In The Course Of A Ramble On Foot In A Remote District I Came
To A Small Ancient Town, Set In A Cuplike Depression Amidst
High Wood-Grown Hills.
The woods were of oak in spring
foliage, and against that vivid green I saw the many-gabled
Roofs and tall chimneys of the old timbered houses,
glowing red and warm brown in the brilliant sunshine - a scene
of rare beauty, and yet it produced no shock of pleasure;
never, in fact, had I looked on a lovely scene for the first
time so unemotionally. It seemed to be no new scene, but
an old familiar one; and that it had certain degrading
associations which took away all delight.
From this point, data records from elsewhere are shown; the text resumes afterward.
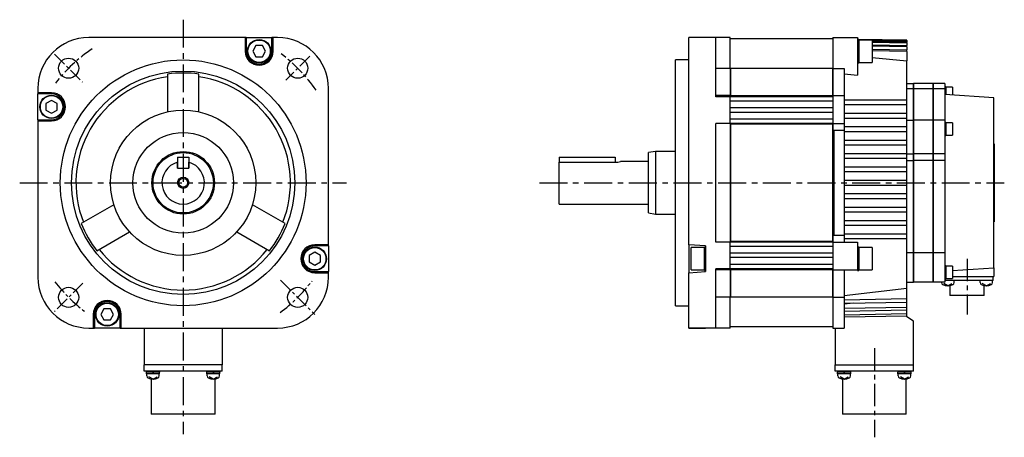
# Model space of a CAD drawing. Extents: x -352 to 588, y -285 to 268.
# Tile 4 of 4: x 148 to 588, y -114 to 73. Entities that reach past the tile are written whole.
import ezdxf

# ---------------------------------------------------------------- set-up
doc = ezdxf.new("R2010")
doc.units = 0
doc.linetypes.add('CENTER', pattern=[2, 1.25, -0.25, 0.25, -0.25])
for name, color, linetype in [('CENTER', 6, 'CENTER'), ('OUTLINE', 7, 'CONTINUOUS'), ('THIN_LINE', 6, 'CONTINUOUS')]:
    doc.layers.add(name, color=color, linetype=linetype)

msp = doc.modelspace()

# ---------------------------------------------------------------- linework, layer by layer
at = {"layer": 'CENTER', "ltscale": 10}
for p, q in [((220.92, 73), (220.92, -112.56)), ((147.75, 0), (294.08, 0)), ((380.38, 0), (588.41, 0))]:
    msp.add_line(p, q, dxfattribs=at)
at = {"layer": 'CENTER', "ltscale": 5}
for p, q in [((163.37, 57.54), (175.93, 44.99)), ((277.54, 56.63), (266.82, 45.9)), ((264.52, -43.61), (279.84, -58.93)), ((176.04, -44.88), (163.26, -57.65))]:
    msp.add_line(p, q, dxfattribs=at)
at = {"layer": 'CENTER', "ltscale": 8}
for p, q in [((571.74, -34), (571.74, -58.9)), ((530.24, -74.02), (530.24, -113.91))]:
    msp.add_line(p, q, dxfattribs=at)
at = {"layer": 'CENTER', "ltscale": 5}
for start, end in [(124.1358, 141.9992), (34.8623, 52.7443), (306.7139, 322.7664), (217.6594, 232.7243)]:
    msp.add_arc((220.92, 0), 72.5, start, end, dxfattribs=at)
at = {"layer": 'OUTLINE'}
for p, q in [((248.67, 65), (178.67, 65)), ((249.17, 65), (248.67, 65)), ((248.67, 65), (248.67, 58.9)), ((249.17, 65), (260.67, 65)), ((249.17, 65), (249.17, 58.9)), ((261.17, 65), (260.67, 65)), ((260.67, 58.9), (260.67, 65)), ((263.17, 65), (261.17, 65)), ((261.17, 58.9), (261.17, 65)), ((454.74, 65), (447.24, 65)), ((447.24, 42.25), (447.24, 65)), ((459.24, 65), (447.24, 65)), ((465.74, 65), (459.24, 65)), ((459.24, 42.25), (459.24, 65)), ((465.74, 51.12), (465.74, 65)), ((511.74, 64.5), (465.74, 64.5)), ((511.74, 65), (511.74, 51.12)), ((511.74, 65), (522.74, 65)), ((522.74, 65), (522.74, 60.5)), ((544.74, 63.81), (522.74, 64.2)), ((522.74, 64.19), (544.74, 63.8)), ((523.34, 64.15), (522.74, 64.15)), ((523.34, 64.15), (523.34, 53.65)), ((528.47, 63.9), (523.34, 63.99)), ((529.34, 63.9), (523.34, 63.9)), ((529.34, 63.9), (529.34, 53.9)), ((544.74, 63.62), (529.34, 63.88)), ((529.34, 63.7), (544.74, 63.43)), ((544.74, 62.86), (529.34, 63.13)), ((544.74, 62.47), (529.34, 62.75)), ((529.34, 61.78), (544.74, 61.51)), ((544.74, 63.8), (544.74, 63.81)), ((544.74, 63.8), (544.74, 63.62)), ((544.74, 63.43), (544.74, 63.62)), ((544.74, 63.43), (544.74, 62.86)), ((544.74, 62.47), (544.74, 62.86)), ((544.74, 62.47), (544.74, 61.51)), ((253.47, 61.4), (252.03, 58.9)), ((252.03, 58.9), (253.47, 56.4)), ((256.36, 61.4), (253.47, 61.4)), ((257.8, 58.9), (256.36, 61.4)), ((256.36, 56.4), (257.8, 58.9)), ((522.74, 60.5), (522.74, 57.3)), ((522.74, 57.3), (522.74, 48.15)), ((544.74, 60.92), (529.34, 61.2)), ((529.34, 59.81), (544.74, 59.52)), ((544.74, 58.71), (529.34, 59)), ((544.74, 60.92), (544.74, 61.51)), ((544.74, 60.92), (544.74, 59.52)), ((544.74, 58.71), (544.74, 59.52)), ((544.74, 58.71), (544.74, 54.54)), ((253.47, 56.4), (256.36, 56.4)), ((441.24, 0), (441.24, 55)), ((447.24, 55), (441.24, 55)), ((522.74, 53.65), (523.34, 53.65)), ((523.34, 53.9), (529.34, 53.9)), ((529.34, 56.05), (544.74, 54.54)), ((544.74, 37), (544.74, 54.54)), ((213.92, 48.64), (213.92, 31.74)), ((227.92, 31.74), (227.92, 48.64)), ((465.74, 51.12), (459.24, 51.12)), ((465.74, 51.12), (465.74, 39)), ((465.74, 49.85), (465.84, 49.85)), ((511.54, 51.15), (465.84, 51.15)), ((465.84, 51.15), (465.84, 38.97)), ((511.54, 51.15), (511.54, 38.97)), ((511.54, 50.89), (511.74, 50.89)), ((511.74, 51.12), (511.74, 39)), ((511.74, 51.12), (516.74, 51.12)), ((516.74, 51.12), (516.74, 39)), ((516.74, 48.84), (522.74, 48.15)), ((544.74, 44.5), (547.74, 44.5)), ((547.74, 42), (547.74, 44.5)), ((547.84, 44.5), (547.84, 42)), ((556.64, 44.5), (547.84, 44.5)), ((556.64, 42), (556.64, 44.5)), ((556.74, 42), (556.74, 44.5)), ((561.74, 44.5), (556.74, 44.5)), ((561.74, 44.5), (561.74, 42)), ((155.92, 42.25), (155.92, 40.25)), ((155.92, 40.25), (155.92, 39.75)), ((162.02, 40.25), (155.92, 40.25)), ((155.92, 28.25), (155.92, 39.75)), ((162.02, 39.75), (155.92, 39.75)), ((285.92, -27.75), (285.92, 42.25)), ((447.24, -27.75), (447.24, 42.25)), ((459.24, 38.5), (459.24, 42.25)), ((547.74, 42), (544.74, 42)), ((547.74, 28), (547.74, 42)), ((547.84, 40.5), (547.74, 40.5)), ((547.84, 42), (547.84, 28)), ((556.64, 42), (547.84, 42)), ((556.64, 28), (556.64, 42)), ((556.74, 40.5), (556.64, 40.5)), ((556.74, 28), (556.74, 42)), ((561.74, 42), (556.74, 42)), ((562.19, 43.02), (561.74, 43.02)), ((561.74, 42), (561.74, 28)), ((562.19, 43.02), (562.19, 39.47)), ((565.19, 42.82), (562.19, 42.82)), ((565.19, 42.82), (565.19, 39.26)), ((162.02, 36.89), (159.52, 35.44)), ((159.52, 35.44), (159.52, 32.56)), ((164.52, 35.44), (162.02, 36.89)), ((164.52, 32.56), (164.52, 35.44)), ((465.74, 39), (459.24, 39)), ((465.74, 38.5), (459.24, 38.5)), ((465.74, 39.01), (465.84, 39.01)), ((465.74, 38.5), (465.74, 39)), ((511.74, 38.5), (465.74, 38.5)), ((465.74, 26.5), (465.74, 38.5)), ((511.74, 36.5), (465.74, 36.5)), ((511.54, 38.97), (465.84, 38.97)), ((511.54, 38.98), (511.74, 38.98)), ((511.74, 39), (516.74, 39)), ((511.74, 39), (511.74, 26.5)), ((516.74, 39), (516.74, 26.5)), ((544.74, 37), (516.74, 37)), ((544.74, 35), (544.74, 37)), ((583.74, 38), (561.74, 39.5)), ((583.74, -38), (583.74, 38)), ((159.52, 32.56), (162.02, 31.11)), ((162.02, 31.11), (164.52, 32.56)), ((511.74, 33.5), (465.74, 33.5)), ((511.74, 31.5), (465.74, 31.5)), ((516.74, 35), (544.74, 35)), ((544.74, 31), (516.74, 31)), ((544.74, 31), (544.74, 35)), ((544.74, 29), (544.74, 31)), ((155.92, 28.25), (155.92, 27.75)), ((155.92, 28.25), (162.02, 28.25)), ((155.92, 27.75), (155.92, -42.25)), ((155.92, 27.75), (162.02, 27.75)), ((459.24, -26.5), (459.24, 26.5)), ((465.74, 26.5), (459.24, 26.5)), ((511.74, 28.5), (465.74, 28.5)), ((511.74, 26.5), (465.74, 26.5)), ((465.74, 26.5), (465.74, 26.3)), ((511.74, 26.5), (511.74, 26.3)), ((511.74, 26.5), (516.74, 26.5)), ((516.74, 29), (544.74, 29)), ((516.74, 26.5), (516.74, 25)), ((544.74, 25), (544.74, 29)), ((544.74, 28), (547.74, 28)), ((547.74, 13), (547.74, 28)), ((556.64, 28), (547.84, 28)), ((547.84, 28), (547.84, 13)), ((556.64, 13), (556.64, 28)), ((556.74, 13), (556.74, 28)), ((561.74, 28), (556.74, 28)), ((561.74, 28), (561.74, 13)), ((562.19, 27.03), (561.74, 27.03)), ((562.19, 27.03), (562.19, 21.13)), ((565.19, 26.83), (562.19, 26.83)), ((565.19, 26.83), (565.19, 21.33)), ((465.74, 26.3), (465.74, -26.3)), ((465.74, 26.26), (465.84, 26.26)), ((465.84, 26.3), (465.84, -26.3)), ((511.54, 26.3), (465.84, 26.3)), ((511.54, 26.3), (511.54, -26.3)), ((511.54, 26.29), (511.74, 26.29)), ((511.74, 26.3), (511.74, -26.3)), ((512.04, 23.5), (516.74, 23.5)), ((512.04, 23.5), (512.04, -23.5)), ((544.74, 25), (516.74, 25)), ((516.74, 25), (516.74, 23.5)), ((516.74, 23.5), (516.74, -23.5)), ((516.74, 23), (544.74, 23)), ((544.74, 23), (544.74, 25)), ((544.74, 19), (544.74, 23)), ((544.74, 19), (516.74, 19)), ((544.74, 17), (544.74, 19)), ((561.74, 21.13), (562.19, 21.13)), ((562.19, 21.33), (565.19, 21.33)), ((432.24, 14), (429.24, 13.5)), ((429.24, 0), (429.24, 13.5)), ((432.24, 14), (432.24, 0)), ((441.24, 14), (432.24, 14)), ((516.74, 17), (544.74, 17)), ((544.74, 13), (544.74, 17)), ((583.84, 17.5), (583.74, 17.5)), ((583.84, 17.5), (583.84, -17.5)), ((218.42, 11.5), (218.42, 6.5)), ((218.42, 11.5), (223.42, 11.5)), ((218.42, 6.5), (218.42, 9.17)), ((223.42, 11.5), (223.42, 6.5)), ((223.42, 6.5), (223.42, 9.17)), ((389.24, 11.5), (414.24, 11.5)), ((389.24, 11.5), (389.24, 9.17)), ((389.24, 9.17), (414.24, 9.17)), ((389.24, -9.5), (389.24, 9.17)), ((414.24, 11.5), (414.24, 9.17)), ((429.24, 9.5), (416.71, 9.5)), ((544.74, 13), (516.74, 13)), ((516.74, 11), (544.74, 11)), ((544.74, 13), (547.74, 13)), ((544.74, 11), (544.74, 13)), ((544.74, 7), (544.74, 11)), ((544.74, 10), (547.74, 10)), ((547.74, 10), (547.74, 13)), ((547.74, -31.3), (547.74, 10)), ((547.84, 13), (547.84, 10)), ((556.64, 13), (547.84, 13)), ((547.84, 10), (547.84, -31.3)), ((556.64, 10), (547.84, 10)), ((556.64, 10), (556.64, 13)), ((556.64, -31.3), (556.64, 10)), ((556.74, 10), (556.74, 13)), ((561.74, 13), (556.74, 13)), ((556.74, -31.3), (556.74, 10)), ((561.74, 10), (556.74, 10)), ((561.74, 13), (561.74, 10)), ((561.74, 10), (561.74, -31.3)), ((218.42, 6.5), (223.42, 6.5)), ((218.42, 6.5), (223.42, 6.5)), ((544.74, 7), (516.74, 7)), ((516.74, 5), (544.74, 5)), ((544.74, 5), (544.74, 7)), ((544.74, 1), (544.74, 5)), ((429.24, -13.5), (429.24, 0)), ((432.24, 0), (432.24, -14)), ((441.24, -55), (441.24, 0)), ((544.74, 1), (516.74, 1)), ((544.74, -1), (544.74, 1)), ((516.74, -1), (544.74, -1)), ((544.74, -5), (544.74, -1)), ((544.74, -5), (516.74, -5)), ((516.74, -7), (544.74, -7)), ((544.74, -7), (544.74, -5)), ((544.74, -11), (544.74, -7)), ((189.93, -9.81), (175.29, -18.26)), ((266.54, -18.26), (251.9, -9.81)), ((389.24, -9.5), (429.24, -9.5)), ((544.74, -11), (516.74, -11)), ((516.74, -13), (544.74, -13)), ((544.74, -13), (544.74, -11)), ((544.74, -17), (544.74, -13)), ((429.24, -13.5), (432.24, -14)), ((432.24, -14), (441.24, -14)), ((544.74, -17), (516.74, -17)), ((544.74, -19), (544.74, -17)), ((583.84, -17.5), (583.74, -17.5)), ((182.29, -30.38), (196.93, -21.93)), ((244.9, -21.93), (259.54, -30.38)), ((516.74, -19), (544.74, -19)), ((544.74, -23), (544.74, -19)), ((465.74, -26.26), (465.84, -26.26)), ((465.74, -26.3), (465.74, -26.5)), ((511.54, -26.3), (465.84, -26.3)), ((511.54, -26.29), (511.74, -26.29)), ((511.74, -26.3), (511.74, -26.5)), ((512.04, -23.5), (516.74, -23.5)), ((544.74, -23), (516.74, -23)), ((516.74, -23.5), (516.74, -25)), ((516.74, -25), (544.74, -25)), ((516.74, -25), (516.74, -26.5)), ((544.74, -25), (544.74, -23)), ((544.74, -47.23), (544.74, -25)), ((285.92, -27.75), (279.82, -27.75)), ((285.92, -28.25), (279.82, -28.25)), ((285.92, -28.25), (285.92, -27.75)), ((285.92, -28.25), (285.92, -39.75)), ((447.24, -27.75), (447.24, -40.25)), ((454.74, -28.25), (447.24, -27.75)), ((448.24, -39), (448.24, -29)), ((454.24, -29), (448.24, -29)), ((454.24, -39.25), (454.24, -28.75)), ((454.74, -28.75), (454.24, -28.75)), ((454.74, -28.25), (454.74, -39.75)), ((465.74, -26.5), (459.24, -26.5)), ((511.74, -26.5), (465.74, -26.5)), ((465.74, -38.5), (465.74, -26.5)), ((511.74, -28.5), (465.74, -28.5)), ((511.74, -26.5), (522.74, -26.5)), ((511.74, -26.5), (511.74, -39)), ((522.74, -26.5), (522.74, -39)), ((523.34, -28.75), (522.74, -28.75)), ((523.34, -28.75), (523.34, -39.25)), ((529.34, -29), (523.34, -29)), ((529.34, -29), (529.34, -39)), ((279.82, -31.11), (277.32, -32.56)), ((277.32, -32.56), (277.32, -35.44)), ((282.32, -32.56), (279.82, -31.11)), ((282.32, -35.44), (282.32, -32.56)), ((511.74, -31.5), (465.74, -31.5)), ((511.74, -33.5), (465.74, -33.5)), ((547.74, -31.3), (544.74, -31.3)), ((547.74, -44.5), (547.74, -31.3)), ((547.84, -31.3), (547.84, -44.5)), ((556.64, -31.3), (547.84, -31.3)), ((556.64, -44.5), (556.64, -31.3)), ((556.74, -44.5), (556.74, -31.3)), ((561.74, -31.3), (556.74, -31.3)), ((561.74, -31.3), (561.74, -44.5)), ((277.32, -35.44), (279.82, -36.89)), ((279.82, -36.89), (282.32, -35.44)), ((448.24, -39), (454.24, -39)), ((454.24, -39.25), (454.74, -39.25)), ((459.24, -42.25), (459.24, -38.5)), ((465.74, -38.5), (459.24, -38.5)), ((465.74, -39), (459.24, -39)), ((511.74, -36.5), (465.74, -36.5)), ((511.74, -38.5), (465.74, -38.5)), ((465.74, -39), (465.74, -38.5)), ((465.74, -39), (465.74, -51.12)), ((465.74, -39.01), (465.84, -39.01)), ((465.84, -38.97), (465.84, -51.15)), ((511.54, -38.97), (465.84, -38.97)), ((511.54, -38.97), (511.54, -51.15)), ((511.54, -38.98), (511.74, -38.98)), ((511.74, -39), (511.74, -51.12)), ((511.74, -39), (522.74, -39)), ((516.74, -39), (516.74, -51.12)), ((522.74, -39), (522.74, -39.25)), ((522.74, -39.25), (523.34, -39.25)), ((523.34, -39), (529.34, -39)), ((562.19, -37.12), (561.74, -37.12)), ((562.19, -37.12), (562.19, -40.07)), ((565.19, -37.32), (562.19, -37.32)), ((565.19, -37.32), (565.19, -40.07)), ((565.19, -39.26), (583.74, -38)), ((583.74, -38), (583.74, -42)), ((279.82, -39.75), (285.92, -39.75)), ((279.82, -40.25), (285.92, -40.25)), ((285.92, -40.25), (285.92, -39.75)), ((285.92, -42.25), (285.92, -40.25)), ((447.24, -40.25), (454.74, -39.75)), ((447.24, -42.25), (447.24, -40.25)), ((447.24, -65), (447.24, -42.25)), ((459.24, -65), (459.24, -42.25)), ((547.74, -40.5), (547.84, -40.5)), ((556.64, -40.5), (556.74, -40.5)), ((561.74, -43.02), (562.19, -43.02)), ((563.24, -43.7), (561.74, -43.7)), ((562.19, -40.07), (562.19, -43.02)), ((562.19, -42.82), (565.19, -42.82)), ((580.24, -43.7), (563.24, -43.7)), ((565.19, -40.07), (565.19, -42.82)), ((565.19, -42), (583.74, -42)), ((565.91, -44.67), (565.91, -43.7)), ((577.57, -44.67), (577.57, -43.7)), ((583.44, -43.7), (580.24, -43.7)), ((583.17, -44.67), (583.17, -43.7)), ((583.44, -43.7), (583.44, -42)), ((516.74, -50.37), (544.74, -47.23)), ((544.74, -44.5), (547.74, -44.5)), ((544.74, -51.99), (544.74, -47.23)), ((556.64, -44.5), (547.84, -44.5)), ((561.74, -44.5), (556.74, -44.5)), ((560.31, -44.67), (560.31, -44.5)), ((563.11, -46.1), (561.31, -45.02)), ((563.11, -46.1), (564.91, -45.02)), ((564.09, -46), (564.09, -50.4)), ((580.37, -46.1), (578.57, -45.02)), ((579.39, -50.4), (579.39, -46)), ((580.37, -46.1), (582.17, -45.02)), ((465.74, -51.12), (459.24, -51.12)), ((465.74, -49.85), (465.84, -49.85)), ((465.74, -65), (465.74, -51.12)), ((511.54, -51.15), (465.84, -51.15)), ((511.54, -50.89), (511.74, -50.89)), ((511.74, -51.12), (511.74, -65)), ((511.74, -51.12), (516.74, -51.12)), ((516.74, -51.12), (516.74, -65)), ((544.74, -51.99), (516.74, -52.59)), ((544.74, -53.36), (544.74, -51.99)), ((579.39, -50.4), (564.09, -50.4)), ((185.47, -56.4), (184.03, -58.9)), ((188.36, -56.4), (185.47, -56.4)), ((189.8, -58.9), (188.36, -56.4)), ((441.24, -55), (447.24, -55)), ((516.74, -53.94), (544.74, -53.36)), ((520.74, -53.86), (516.74, -54.27)), ((544.74, -55.78), (516.74, -56.33)), ((516.74, -57.39), (544.74, -56.84)), ((544.74, -55.78), (544.74, -53.36)), ((544.74, -56.84), (544.74, -55.78)), ((544.74, -58.71), (544.74, -56.84)), ((180.67, -58.9), (180.67, -65)), ((181.17, -58.9), (181.17, -65)), ((184.03, -58.9), (185.47, -61.4)), ((185.47, -61.4), (188.36, -61.4)), ((188.36, -61.4), (189.8, -58.9)), ((192.67, -65), (192.67, -58.9)), ((193.17, -65), (193.17, -58.9)), ((544.74, -58.71), (516.74, -59.24)), ((516.74, -60.05), (544.74, -59.52)), ((544.74, -59.52), (544.74, -58.71)), ((544.74, -60), (544.74, -59.52)), ((547.74, -62), (544.74, -60)), ((178.67, -65), (180.67, -65)), ((180.67, -65), (181.17, -65)), ((192.67, -65), (181.17, -65)), ((192.67, -65), (193.17, -65)), ((193.17, -65), (263.17, -65)), ((203.42, -65), (203.42, -81.5)), ((238.42, -65), (238.42, -81.5)), ((447.24, -65), (454.74, -65)), ((459.24, -65), (447.24, -65)), ((465.74, -65), (459.24, -65)), ((511.74, -64.5), (465.74, -64.5)), ((511.74, -65), (516.74, -65)), ((512.74, -65), (512.74, -81.5)), ((547.74, -81.5), (547.74, -62)), ((238.42, -81.5), (203.42, -81.5)), ((203.46, -84.25), (203.46, -81.5)), ((238.38, -84.25), (238.38, -81.5)), ((512.74, -81.5), (547.74, -81.5)), ((512.78, -84.25), (512.78, -81.5)), ((547.7, -84.25), (547.7, -81.5)), ((206.96, -84.25), (203.46, -84.25)), ((204.42, -84.25), (204.42, -84.75)), ((210.42, -84.75), (204.42, -84.75)), ((210.37, -85.45), (204.47, -85.45)), ((204.62, -86.42), (204.62, -85.45)), ((207.42, -87.85), (205.62, -86.77)), ((206.63, -87.79), (206.63, -103.49)), ((234.88, -84.25), (206.96, -84.25)), ((207.22, -84.75), (207.62, -85.45)), ((207.42, -87.85), (209.22, -86.77)), ((210.22, -86.42), (210.22, -85.45)), ((210.42, -84.75), (210.42, -84.25)), ((231.41, -84.25), (231.41, -84.75)), ((234.41, -84.75), (231.41, -84.75)), ((237.36, -85.45), (231.46, -85.45)), ((231.61, -86.42), (231.61, -85.45)), ((234.41, -87.85), (232.61, -86.77)), ((234.21, -84.75), (234.61, -85.45)), ((237.41, -84.75), (234.41, -84.75)), ((234.41, -87.85), (236.21, -86.77)), ((238.38, -84.25), (234.88, -84.25)), ((235.2, -103.49), (235.2, -87.79)), ((237.21, -86.42), (237.21, -85.45)), ((237.41, -84.75), (237.41, -84.25)), ((516.28, -84.25), (512.78, -84.25)), ((513.75, -84.25), (513.75, -84.75)), ((519.75, -84.75), (513.75, -84.75)), ((519.7, -85.45), (513.8, -85.45)), ((513.95, -86.42), (513.95, -85.45)), ((516.75, -87.85), (514.95, -86.77)), ((515.95, -87.79), (515.95, -103.49)), ((544.2, -84.25), (516.28, -84.25)), ((516.54, -84.75), (516.95, -85.45)), ((516.75, -87.85), (518.55, -86.77)), ((519.55, -86.42), (519.55, -85.45)), ((519.75, -84.75), (519.75, -84.25)), ((540.74, -84.25), (540.74, -84.75)), ((543.74, -84.75), (540.74, -84.75)), ((546.69, -85.45), (540.79, -85.45)), ((540.94, -86.42), (540.94, -85.45)), ((543.74, -87.85), (541.94, -86.77)), ((543.53, -84.75), (543.94, -85.45)), ((546.74, -84.75), (543.74, -84.75)), ((543.74, -87.85), (545.54, -86.77)), ((547.7, -84.25), (544.2, -84.25)), ((544.53, -103.49), (544.53, -87.79)), ((546.54, -86.42), (546.54, -85.45)), ((546.74, -84.75), (546.74, -84.25)), ((235.2, -103.49), (206.63, -103.49)), ((544.53, -103.49), (515.95, -103.49))]:
    msp.add_line(p, q, dxfattribs=at)
at = {"layer": 'OUTLINE', "ltscale": 5}
for p, q in [((204.47, -85.45), (204.47, -84.75)), ((210.37, -85.45), (210.37, -84.75)), ((231.46, -85.45), (231.46, -84.75)), ((237.36, -85.45), (237.36, -84.75)), ((513.8, -85.45), (513.8, -84.75)), ((519.7, -85.45), (519.7, -84.75)), ((540.79, -85.45), (540.79, -84.75)), ((546.69, -85.45), (546.69, -84.75))]:
    msp.add_line(p, q, dxfattribs=at)
at = {"layer": 'OUTLINE'}
for centre, radius in [((254.92, 58.9), 5.25), ((254.92, 58.9), 5), ((169.65, 51.27), 4.5), ((220.92, 0), 55), ((272.18, 51.27), 4.5), ((220.92, 0), 50), ((162.02, 34), 5.25), ((162.02, 34), 5), ((220.92, 0), 32.5), ((220.92, 0), 22.5), ((220.92, 0), 14), ((220.92, 0), 13.5), ((220.92, 0), 2), ((279.82, -34), 5.25), ((279.82, -34), 5), ((169.65, -51.27), 4.5), ((272.18, -51.27), 4.5), ((186.92, -58.9), 5.25), ((186.92, -58.9), 5)]:
    msp.add_circle(centre, radius, dxfattribs=at)
for centre, radius, start, end in [((178.67, 42.25), 22.75, 90, 180), ((263.17, 42.25), 22.75, 0, 90), ((254.92, 58.9), 6.25, 180, 0), ((254.92, 58.9), 5.75, 180, 0), ((220.92, 0), 49.14, 81.8108, 98.1892), ((220.92, 0), 48, 98.3855, 201.6145), ((220.92, 0), 48, 338.3855, 81.6145), ((162.02, 34), 6.25, 270, 90), ((162.02, 34), 5.75, 270, 90), ((220.92, 0), 9.5, 105.2575, 74.7425), ((414.15, 19.25), 10.09, 270.4983, 284.6893), ((220.92, 0), 49.14, 201.8108, 218.1892), ((220.92, 0), 49.14, 321.8108, 338.1892), ((220.92, 0), 48, 218.3855, 321.6145), ((279.82, -34), 6.25, 90, 270), ((279.82, -34), 5.75, 90, 270), ((178.67, -42.25), 22.75, 180, 270), ((263.17, -42.25), 22.75, 270, 0), ((561.31, -44.67), 1, 180, 243.2563), ((563.11, -41.1), 5, 243.2563, 296.7437), ((564.91, -44.67), 1, 296.7437, 0), ((578.57, -44.67), 1, 180, 243.2563), ((580.37, -41.1), 5, 243.2563, 296.7437), ((582.17, -44.67), 1, 296.7437, 0), ((186.92, -58.9), 6.25, 0, 180), ((186.92, -58.9), 5.75, 0, 180), ((205.62, -86.42), 1, 180, 243.2563), ((207.42, -82.85), 5, 243.2563, 296.7437), ((209.22, -86.42), 1, 296.7437, 0), ((232.61, -86.42), 1, 180, 243.2563), ((234.41, -82.85), 5, 243.2563, 296.7437), ((236.21, -86.42), 1, 296.7437, 0), ((514.95, -86.42), 1, 180, 243.2563), ((516.75, -82.85), 5, 243.2563, 296.7437), ((518.55, -86.42), 1, 296.7437, 0), ((541.94, -86.42), 1, 180, 243.2563), ((543.74, -82.85), 5, 243.2563, 296.7437), ((545.54, -86.42), 1, 296.7437, 0)]:
    msp.add_arc(centre, radius, start, end, dxfattribs=at)
at = {"layer": 'THIN_LINE'}
msp.add_circle((220.92, 0), 2.5, dxfattribs=at)

doc.saveas('drawing.dxf')

The reason of this was that a great railway company had
long been "booming" this romantic spot, and large photographs,
plain and coloured, of the town and its quaint buildings had
for years been staring at me in every station and every
railway carriage which I had entered on that line. Photography
degrades most things, especially open-air things; and in this
case, not only had its poor presentments made the scene too
familiar, but something of the degradation in the advertising
pictures seemed to attach itself to the very scene. Yet even
here, after some pleasureless days spent in vain endeavours to
shake off these vulgar associations, I was to experience one
of the sweetest surprises and delights of my life.
The church of this village-like town is one of its chief
attractions; it is a very old and stately building, and its
perpendicular tower, nearly a hundred feet high, is one of the
noblest in England.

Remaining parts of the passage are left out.